Exercise inputs:
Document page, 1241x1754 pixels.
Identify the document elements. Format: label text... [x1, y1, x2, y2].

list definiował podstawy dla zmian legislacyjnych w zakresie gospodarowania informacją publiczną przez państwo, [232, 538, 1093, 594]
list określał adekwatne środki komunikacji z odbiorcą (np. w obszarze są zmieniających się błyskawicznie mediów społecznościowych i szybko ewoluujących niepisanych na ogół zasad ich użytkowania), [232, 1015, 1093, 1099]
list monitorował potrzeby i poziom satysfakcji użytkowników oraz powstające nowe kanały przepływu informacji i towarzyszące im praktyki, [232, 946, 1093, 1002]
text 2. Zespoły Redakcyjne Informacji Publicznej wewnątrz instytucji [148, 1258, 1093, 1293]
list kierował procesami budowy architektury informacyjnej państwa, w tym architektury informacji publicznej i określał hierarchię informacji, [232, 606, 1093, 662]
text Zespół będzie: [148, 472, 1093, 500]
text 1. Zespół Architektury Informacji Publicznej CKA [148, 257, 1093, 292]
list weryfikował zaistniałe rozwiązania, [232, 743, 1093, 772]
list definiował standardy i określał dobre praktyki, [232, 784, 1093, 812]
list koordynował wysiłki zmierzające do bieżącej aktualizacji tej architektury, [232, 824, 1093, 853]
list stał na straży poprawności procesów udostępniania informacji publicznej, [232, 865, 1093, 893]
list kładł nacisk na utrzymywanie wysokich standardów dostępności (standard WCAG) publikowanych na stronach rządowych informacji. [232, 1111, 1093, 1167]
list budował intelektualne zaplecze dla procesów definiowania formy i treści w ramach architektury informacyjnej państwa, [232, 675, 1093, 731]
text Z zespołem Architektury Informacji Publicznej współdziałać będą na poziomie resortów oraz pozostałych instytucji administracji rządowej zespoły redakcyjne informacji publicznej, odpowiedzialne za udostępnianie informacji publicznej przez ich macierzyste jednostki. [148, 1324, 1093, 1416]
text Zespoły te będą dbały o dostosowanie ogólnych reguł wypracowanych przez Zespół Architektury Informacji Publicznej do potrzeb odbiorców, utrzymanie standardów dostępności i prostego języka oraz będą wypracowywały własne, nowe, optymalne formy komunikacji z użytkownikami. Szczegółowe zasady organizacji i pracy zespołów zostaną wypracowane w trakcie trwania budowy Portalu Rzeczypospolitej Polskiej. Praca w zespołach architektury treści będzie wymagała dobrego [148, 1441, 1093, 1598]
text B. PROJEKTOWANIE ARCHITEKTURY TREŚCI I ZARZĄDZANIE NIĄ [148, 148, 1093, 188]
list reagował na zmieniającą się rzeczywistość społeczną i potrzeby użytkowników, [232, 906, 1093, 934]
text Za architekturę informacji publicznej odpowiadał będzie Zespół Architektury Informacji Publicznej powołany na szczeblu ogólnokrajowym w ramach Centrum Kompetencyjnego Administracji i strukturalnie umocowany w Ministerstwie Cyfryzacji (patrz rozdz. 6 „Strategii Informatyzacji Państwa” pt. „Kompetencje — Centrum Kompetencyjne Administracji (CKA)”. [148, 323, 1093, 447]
--
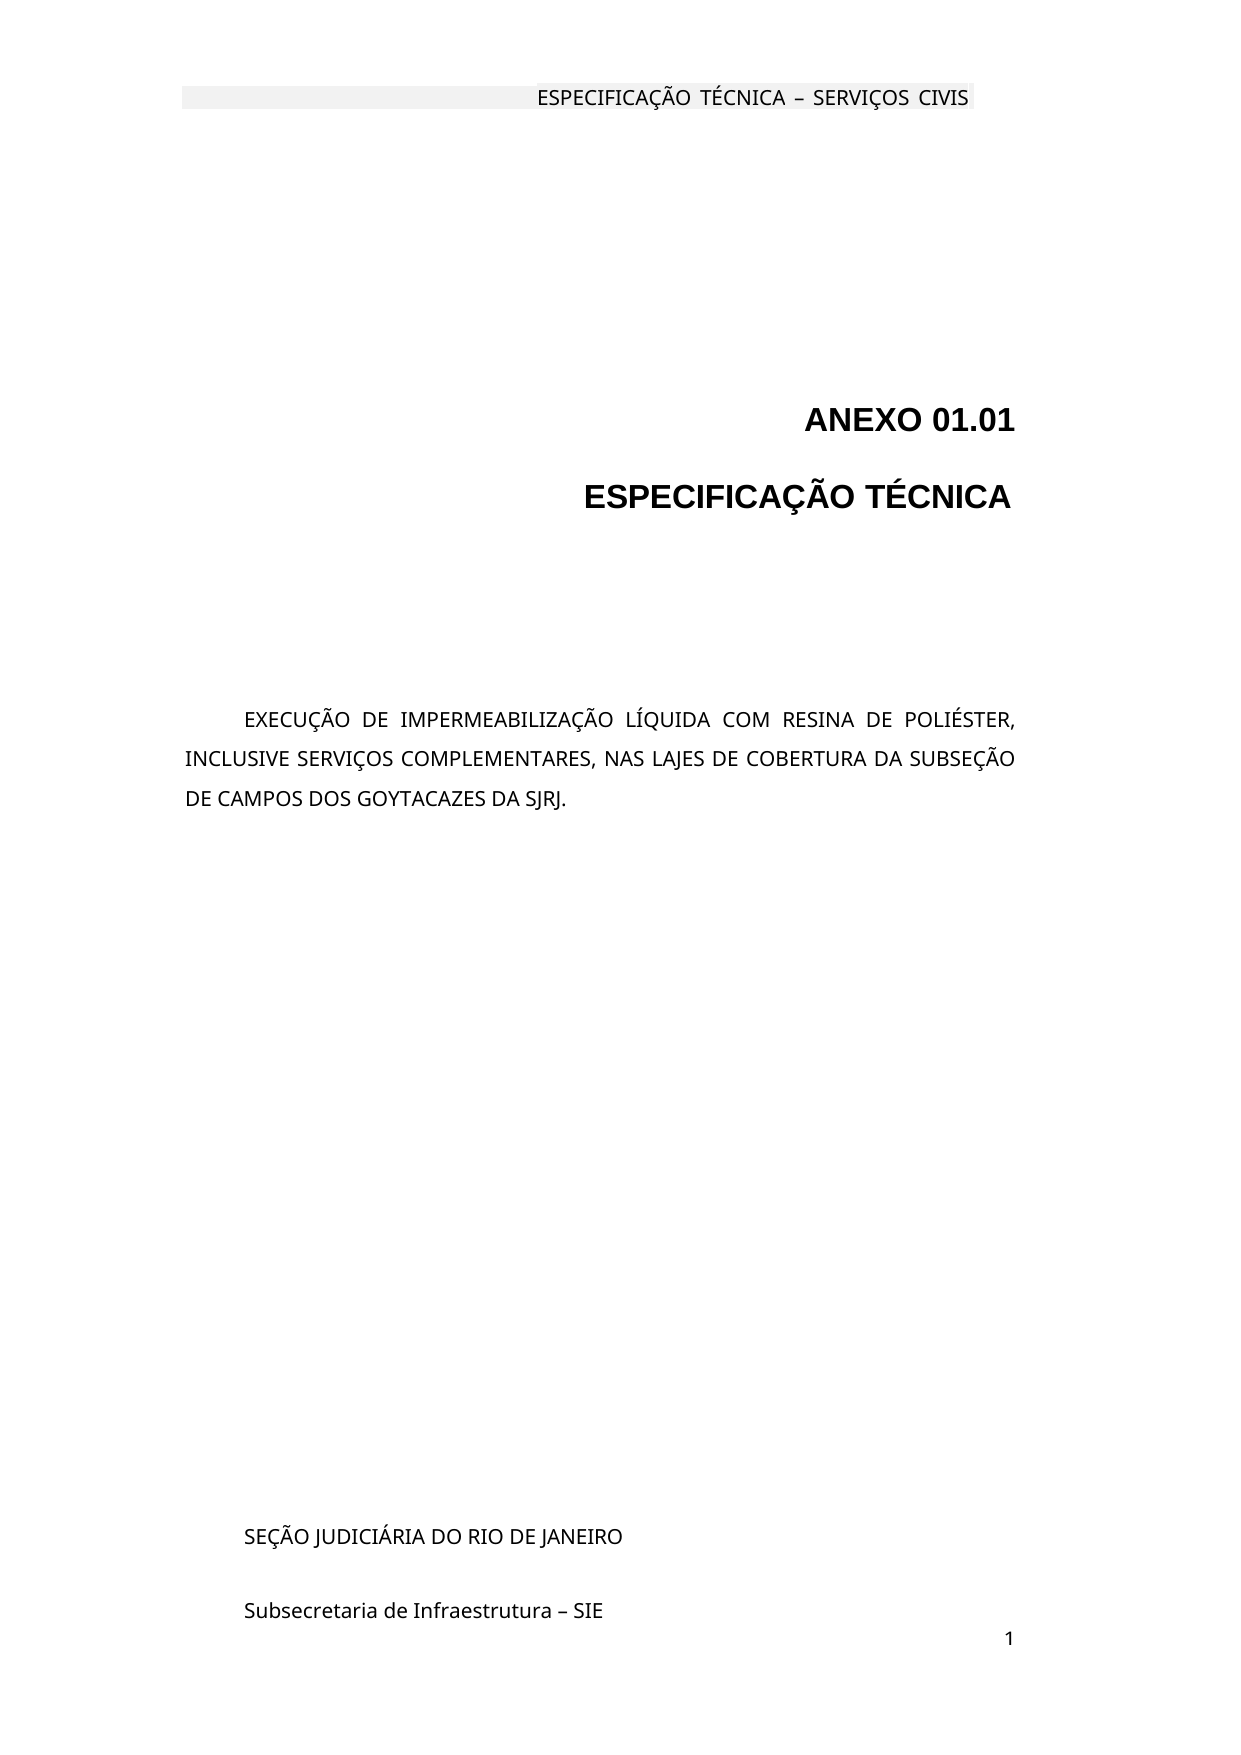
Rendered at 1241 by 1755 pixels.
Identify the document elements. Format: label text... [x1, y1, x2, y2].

Exercise directions: Go through the entries and copy each line holding the string "pixels".

Task output:
Document page, 1241x1754 pixels.
Rendered at 1241 by 1755 pixels.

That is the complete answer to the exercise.